THE seventy or so souls who live in the hamlet of Ellerton-on-Swale would never consider themselves as living in a particularly remote part of North Yorkshire.

Just off the main road between Northallerton and Richmond and only a couple of miles from the sizeable communities of Scorton and Catterick, and the upgraded A1 motorway, it is not isolated in the way villages in the upper Yorkshire Dales or North York Moors are.

And yet, until recently, its lack of a serviceable broadband connection meant those seventy villagers might as well have been living in the remotest farmhouse at the top end of Wensleydale.

It is a good example of the pattern of broadband availability. It’s not always the most isolated spots that are missing out. My home village of Kirby Sigston – just three miles from Northallerton – is another example.

Significant progress continues to be made however as the Government funds the roll out of superfast broadband to Britain's rural areas. Its funding that I and my rural MP colleagues have successfully pressed the Government to maintain.

More and more communities are being connected and along with the Minister for Digital Matt Hancock I recently visited Ellerton to hear about the difference superfast broadband had made to families and businesses there.

The village is home to a booming farm diversification project run by Sarah and Graeme Thompson which has spawned a café using local farm produce and attracted other related leisure businesses including a garden centre and specialist bike shop.

We heard how being connected to a decent broadband service would boost their business, from online ordering to café customers being able to access wi-fi.

Farmer John Bell is a parish councillor who helped identify the route into the village for the broadband cabling. He described how with his old internet connection filling out online documentation for the taxman or the Rural Payment Agency was always doomed to failure because the process would time out before completion.

Many more communities like Ellerton-on-Swale are being connected up during the current roll-out phase. Recently, superfast broadband cabinets have been installed to benefit communities in my constituency, including Keld, Thornton Watlass, Low Worsall, Moulton, Burneston, Pickhill and parts of Richmond.

More than £20m is to be spent in the next phase with £12m-plus coming from North Yorkshire County Council and the remaining costs being met by central Government. I am pleased to say North Yorkshire has led the way in this process and is on target to have 96 per cent of homes and business connected to a superfast service by 2019.

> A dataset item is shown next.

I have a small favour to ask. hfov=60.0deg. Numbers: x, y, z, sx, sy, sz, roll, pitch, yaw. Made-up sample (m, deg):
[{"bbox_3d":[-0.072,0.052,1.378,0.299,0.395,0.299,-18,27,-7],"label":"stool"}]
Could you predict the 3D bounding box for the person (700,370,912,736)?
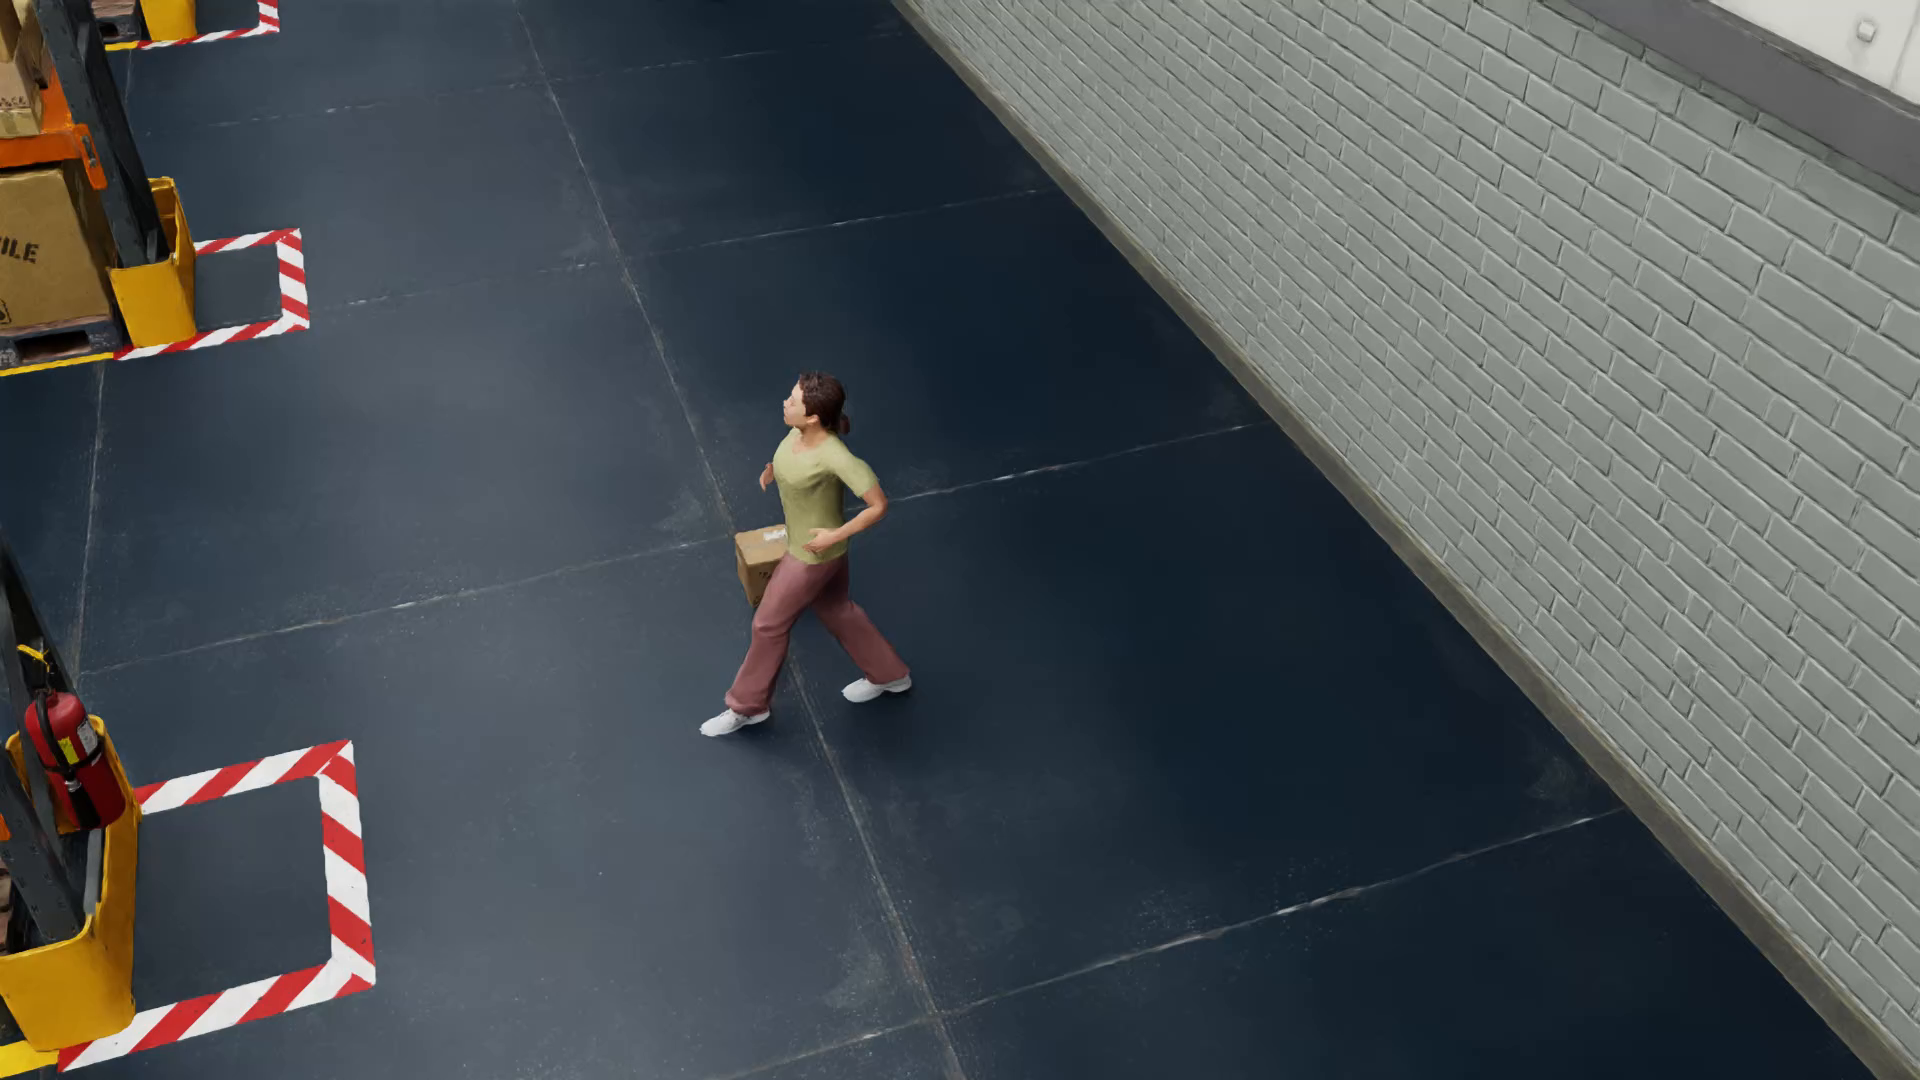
[{"bbox_3d":[-0.684,0.098,6.936,0.928,1.368,0.589,-5,38,-6],"label":"person"}]

My very first question to the Prime Minister was about broadband and I have spoken about it in the House on multiple occasions since. It will remain a priority for me.

YOU may have read last week about my support for the North Yorkshire coroner’s comments about the dangers of crossing points on the A19 – also backed by the D&S’s Close the Gap campaign.

Together with my Thirsk and Malton colleague Kevin Hollinrake we have written jointly to Highways England about the issue and called for action to close dangerous crossings where much safer ways of accessing the lanes and properties along the road exist. That’s definitely the case at Mount Grace Priory - the stretch where Kevin’s constituent Sonia Rose died and whose inquest prompted the coroner’s comments.